Even with great post-training, the model is still sampling tokens, and a single bad token (a stray comma, a missing brace) would break the parse. The cleanest way around this is constrained decoding: once the model has decided it’s emitting a tool call, the inference server tracks which tokens can still keep the JSON valid given the prefix so far, sets the probability of every other token to zero, renormalizes, and samples from what’s left. The model still chooses the city name and the units, weighted by its own distribution — it just can’t go off the rails of the grammar.

OpenAI has documented this explicitly: their “Structured Outputs” mode (strict: true) uses constrained decoding to guarantee that the call matches the supplied JSON Schema.
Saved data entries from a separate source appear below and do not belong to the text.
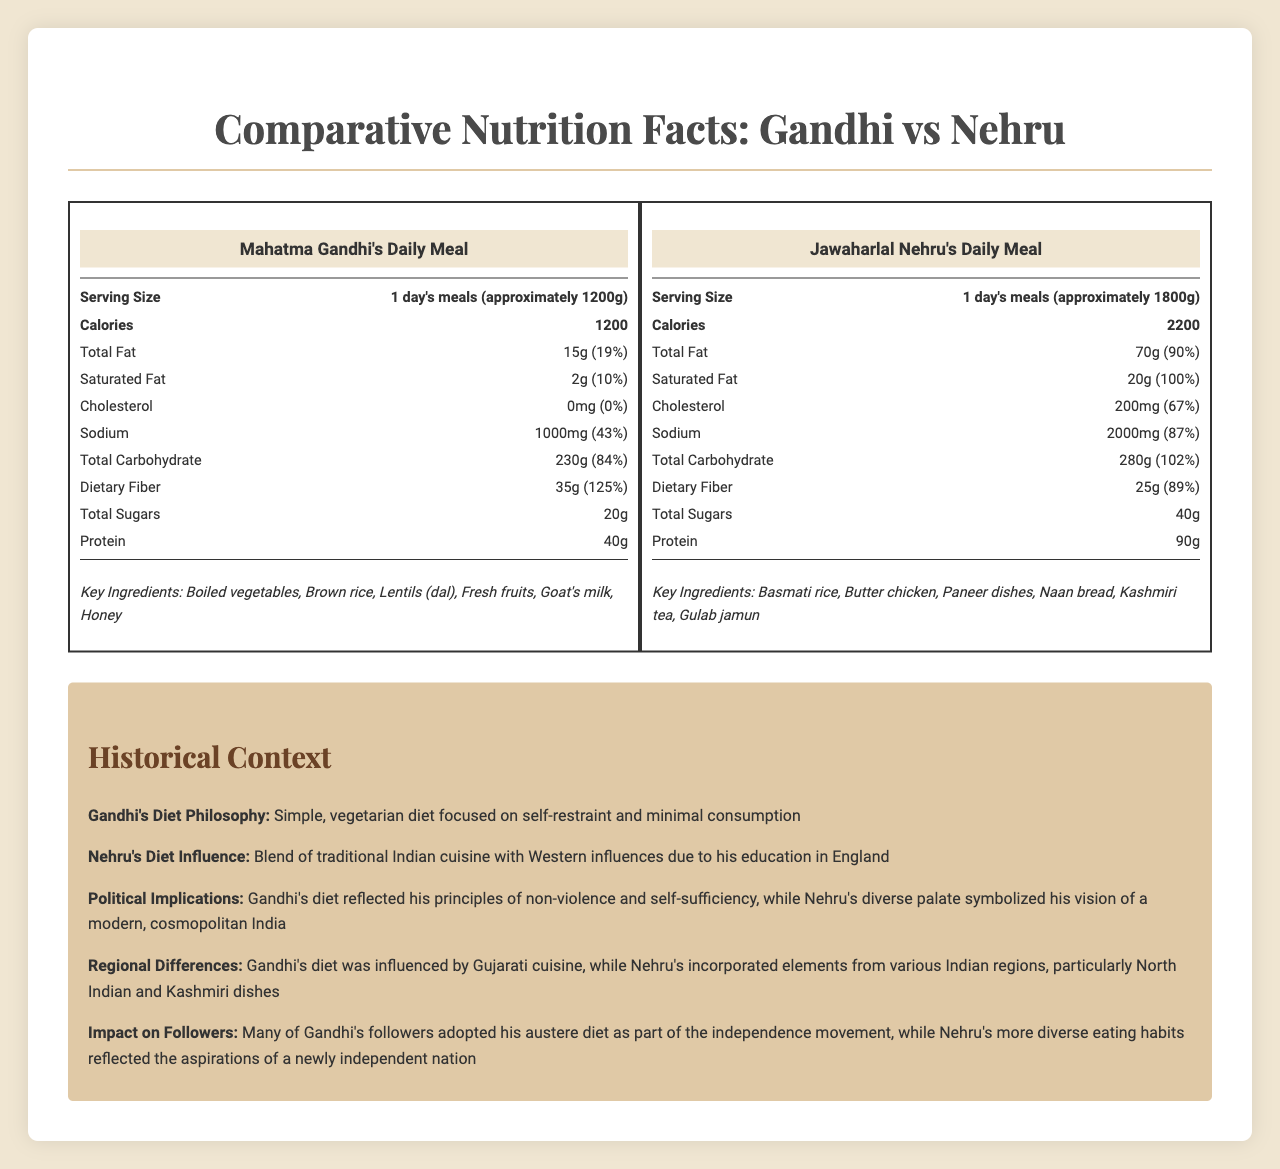What is the serving size for Mahatma Gandhi's daily meal? The document states that the serving size for Mahatma Gandhi's daily meal is "1 day's meals (approximately 1200g)".
Answer: 1 day's meals (approximately 1200g) How many calories are in Jawaharlal Nehru's daily meal? The document lists the calories in Jawaharlal Nehru's daily meal as 2200.
Answer: 2200 What is the total fat content in Mahatma Gandhi's daily meal? According to the document, the total fat content in Mahatma Gandhi's daily meal is 15g.
Answer: 15g Which of the following ingredients is not listed in Gandhi's daily meal? A. Boiled vegetables B. Basmati rice C. Goat's milk The ingredients listed for Gandhi's meal are boiled vegetables, brown rice, lentils (dal), fresh fruits, goat's milk, and honey. Basmati rice is not included.
Answer: B. Basmati rice Does Nehru's meal include trans fat? The document explicitly states that Nehru's meal includes 0g of trans fat.
Answer: No What percentage of the daily value of Saturated Fat does Nehru's meal contain? Nehru's meal includes 20g of saturated fat which is 100% of the daily value.
Answer: 100% Which meal has a higher protein content? The protein content of Nehru's meal is 90g while Gandhi's meal has 40g of protein.
Answer: Nehru's meal How much dietary fiber is in Gandhi's daily meal? Gandhi's daily meal contains 35g of dietary fiber as mentioned in the document.
Answer: 35g Which meal has a higher sodium content? A. Gandhi's meal B. Nehru's meal The sodium content in Nehru's meal is 2000mg while in Gandhi's meal it is 1000mg.
Answer: B. Nehru's meal True or False: Gandhi's diet philosophy focuses on self-restraint and minimal consumption. The document mentions that Gandhi's diet philosophy is a simple, vegetarian diet focused on self-restraint and minimal consumption.
Answer: True What is the historical significance of the dietary differences between Gandhi and Nehru's meals? The document states that Gandhi's diet principles were aligned with non-violence and self-sufficiency, and Nehru's diverse eating habits reflected his vision for a modern and cosmopolitan India.
Answer: Gandhi's diet reflects his principles of non-violence and self-sufficiency while Nehru's diet symbolizes his vision of a modern, cosmopolitan India. What are the primary carbohydrates listed for Gandhi's meal? The primary carbohydrate sources for Gandhi's meal are brown rice, lentils (dal), and fresh fruits as per the document.
Answer: Brown rice, Lentils (dal), Fresh fruits What percentage of daily value of calcium does Nehru's meal provide? Nehru's meal provides 35% of the daily value of calcium as listed in the document.
Answer: 35% Can you determine the exact daily diet plan that Gandhi followed including meal timing? The document provides information about the nutritional content and key ingredients of Gandhi's meal but does not specify the exact daily diet plan or meal timings.
Answer: Cannot be determined Summarize the document. The document gives a detailed comparative nutritional analysis of the typical daily meals of Mahatma Gandhi and Jawaharlal Nehru, including the nutritional values, key ingredients, and historical contexts that influenced their dietary choices. Gandhi's diet is described as simple and vegetarian, stressing minimal consumption and self-restraint, reflecting his principles of non-violence. Nehru's diet, on the other hand, is richer and more diverse, symbolizing his modern and cosmopolitan vision for India, influenced by his time in England and incorporating regional and Western elements. The historical context section further outlines how these dietary habits mirrored their political and philosophical beliefs and impacted their followers.
Answer: The document provides a comparative analysis of the nutrition facts between Mahatma Gandhi's and Jawaharlal Nehru's typical daily meals, emphasizing the dietary and philosophical differences. Gandhi's diet is simpler, vegetarian, and reflects his principles of non-violence and self-restraint, while Nehru's diet is richer, more varied, blending traditional Indian cuisine with Western influences, symbolizing his vision of a modern nation. The historical context highlights the political implications and the influence on their followers. 
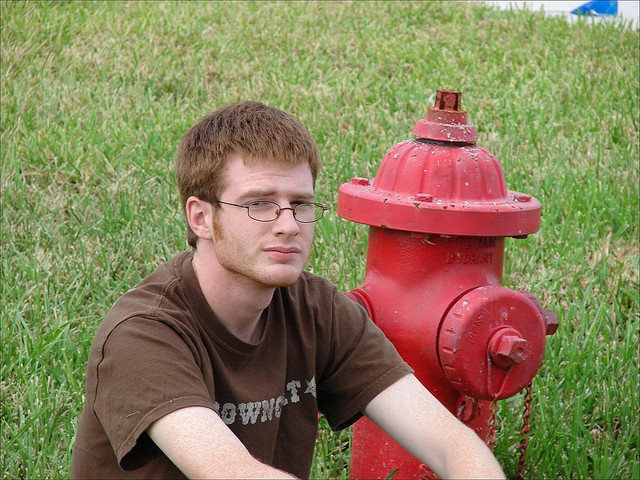Describe the objects in this image and their specific colors. I can see people in gray, black, and maroon tones and fire hydrant in gray, brown, salmon, and maroon tones in this image. 
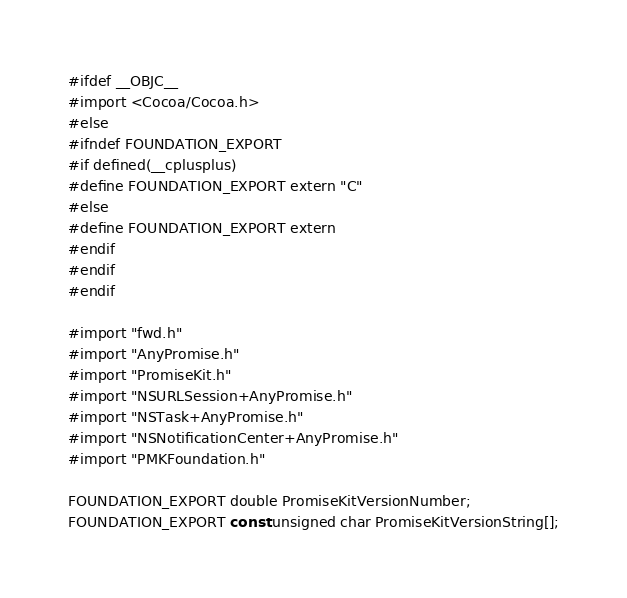Convert code to text. <code><loc_0><loc_0><loc_500><loc_500><_C_>#ifdef __OBJC__
#import <Cocoa/Cocoa.h>
#else
#ifndef FOUNDATION_EXPORT
#if defined(__cplusplus)
#define FOUNDATION_EXPORT extern "C"
#else
#define FOUNDATION_EXPORT extern
#endif
#endif
#endif

#import "fwd.h"
#import "AnyPromise.h"
#import "PromiseKit.h"
#import "NSURLSession+AnyPromise.h"
#import "NSTask+AnyPromise.h"
#import "NSNotificationCenter+AnyPromise.h"
#import "PMKFoundation.h"

FOUNDATION_EXPORT double PromiseKitVersionNumber;
FOUNDATION_EXPORT const unsigned char PromiseKitVersionString[];

</code> 
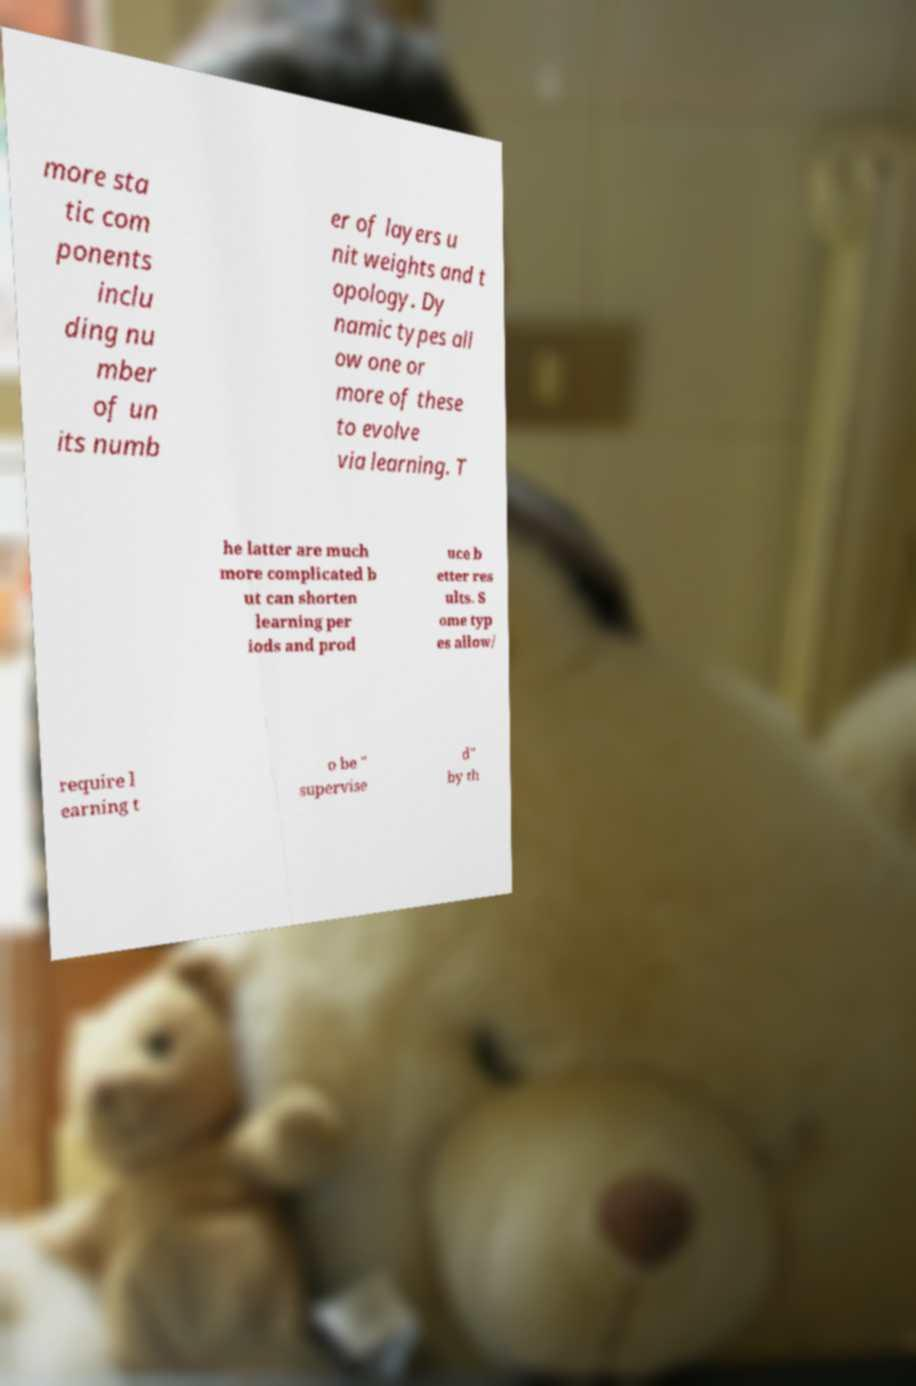Could you extract and type out the text from this image? more sta tic com ponents inclu ding nu mber of un its numb er of layers u nit weights and t opology. Dy namic types all ow one or more of these to evolve via learning. T he latter are much more complicated b ut can shorten learning per iods and prod uce b etter res ults. S ome typ es allow/ require l earning t o be " supervise d" by th 
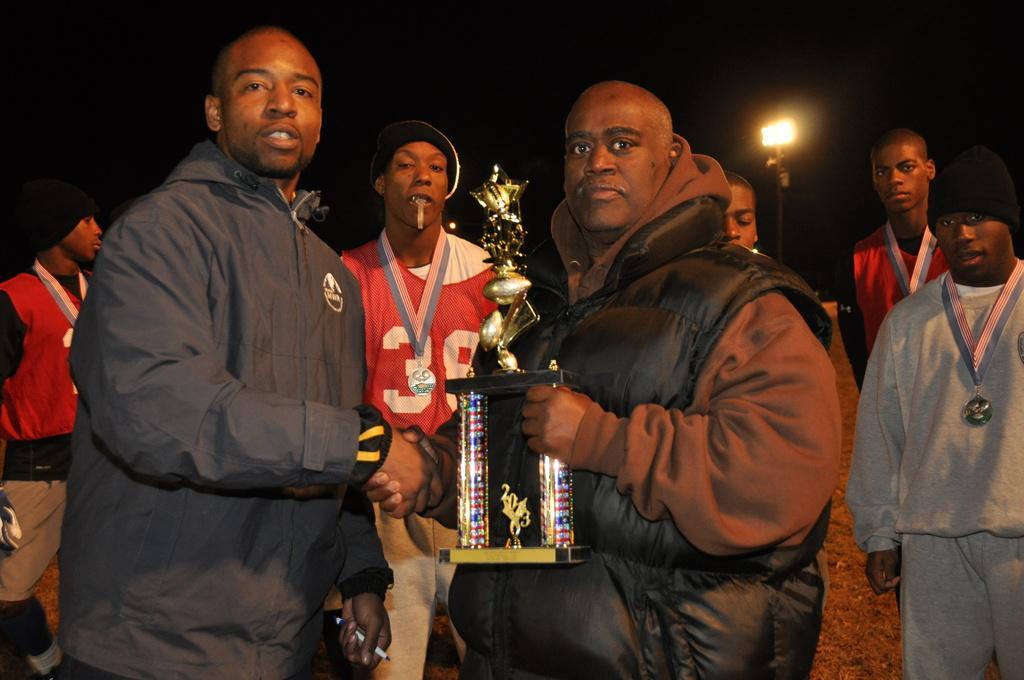Can you describe this image briefly? In this image in the front there are persons standing and shaking hands with each other. On the right side there is a man standing and holding an object in his hand. In the background there are persons standing and there is a wall and there is a light pole.

Other providers ship similar schema-conformance guarantees for tool use, though they don’t always spell out the mechanism — it can be constrained decoding, heavy post-training, internal retries, or a mix. The contract you can rely on is the call will parse against the schema; how the provider gets there is sometimes opaque.

(For the longer version of this idea, see Why is structured output so hard? — function calling is structured output with a per-tool schema and a “when to call” prior baked in.)

4. The host runs the tool and feeds the result back

The model’s part is over the moment the tool call is emitted. From here on, the agent harness takes over:

user:     "what's the weather in Tokyo?"

→ model emits: tool_call(get_weather, {city: "Tokyo", units: "celsius"})
→ harness validates the args against the schema
→ harness asks the user to approve (if the tool is sensitive)
→ harness calls the real weather API
→ harness appends to context: tool_result(get_weather, "14°C, light rain")
→ model emits: "It's 14°C and lightly raining in Tokyo right now."
→ harness exits the loop, returns the answer

The model never touched the network. It saw a question, emitted a structured call, then — on the next turn, with the result now in its context — produced the friendly answer. From the user’s perspective it felt like one continuous reply, but it was at least two model calls and a real HTTP request stitched together by the host.

Where it gets subtle

The thing to walk away with: a function-calling model isn’t doing anything fundamentally different from a regular model. It’s still emitting the most likely next tokens. The trick is that the prompt, the training, and the decoder have all been arranged so that — when the situation calls for it — the most likely next tokens spell out a structured call into your code.

Going deeper

Notes on what I’m sure of: that the model itself doesn’t execute anything (the host does), that post-training is what teaches a model to emit calls in the right shape, and that OpenAI’s strict Structured Outputs mode is documented to use constrained decoding — these are in provider docs and published work. What’s less publicly specified is the exact mechanism each provider uses for strict tool use; some are clearly constrained decoding, others may be a mix of constrained decoding, heavy fine-tuning, and internal retry. The exact per-provider wire format and which specific models support which tool-use features changes often; treat any specific claim about “model X supports parallel tool calls as of date Y” as something to verify against current docs rather than memorize.